[What the exercise asks]
Pick each line that has "nonatomic" out of the records.

── Provided records

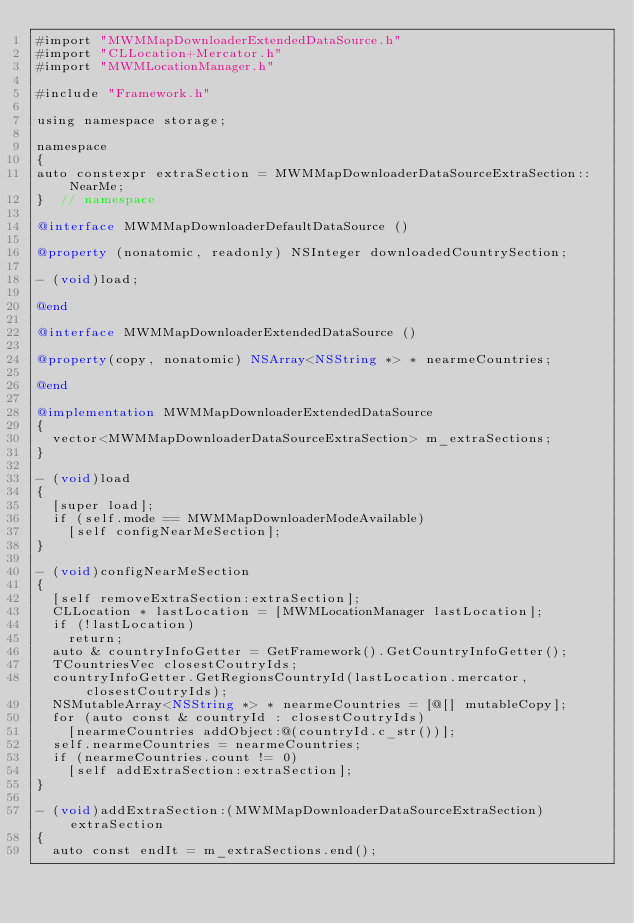<code> <loc_0><loc_0><loc_500><loc_500><_ObjectiveC_>#import "MWMMapDownloaderExtendedDataSource.h"
#import "CLLocation+Mercator.h"
#import "MWMLocationManager.h"

#include "Framework.h"

using namespace storage;

namespace
{
auto constexpr extraSection = MWMMapDownloaderDataSourceExtraSection::NearMe;
}  // namespace

@interface MWMMapDownloaderDefaultDataSource ()

@property (nonatomic, readonly) NSInteger downloadedCountrySection;

- (void)load;

@end

@interface MWMMapDownloaderExtendedDataSource ()

@property(copy, nonatomic) NSArray<NSString *> * nearmeCountries;

@end

@implementation MWMMapDownloaderExtendedDataSource
{
  vector<MWMMapDownloaderDataSourceExtraSection> m_extraSections;
}

- (void)load
{
  [super load];
  if (self.mode == MWMMapDownloaderModeAvailable)
    [self configNearMeSection];
}

- (void)configNearMeSection
{
  [self removeExtraSection:extraSection];
  CLLocation * lastLocation = [MWMLocationManager lastLocation];
  if (!lastLocation)
    return;
  auto & countryInfoGetter = GetFramework().GetCountryInfoGetter();
  TCountriesVec closestCoutryIds;
  countryInfoGetter.GetRegionsCountryId(lastLocation.mercator, closestCoutryIds);
  NSMutableArray<NSString *> * nearmeCountries = [@[] mutableCopy];
  for (auto const & countryId : closestCoutryIds)
    [nearmeCountries addObject:@(countryId.c_str())];
  self.nearmeCountries = nearmeCountries;
  if (nearmeCountries.count != 0)
    [self addExtraSection:extraSection];
}

- (void)addExtraSection:(MWMMapDownloaderDataSourceExtraSection)extraSection
{
  auto const endIt = m_extraSections.end();</code>

────

[Answer box]
@property (nonatomic, readonly) NSInteger downloadedCountrySection;
@property(copy, nonatomic) NSArray<NSString *> * nearmeCountries;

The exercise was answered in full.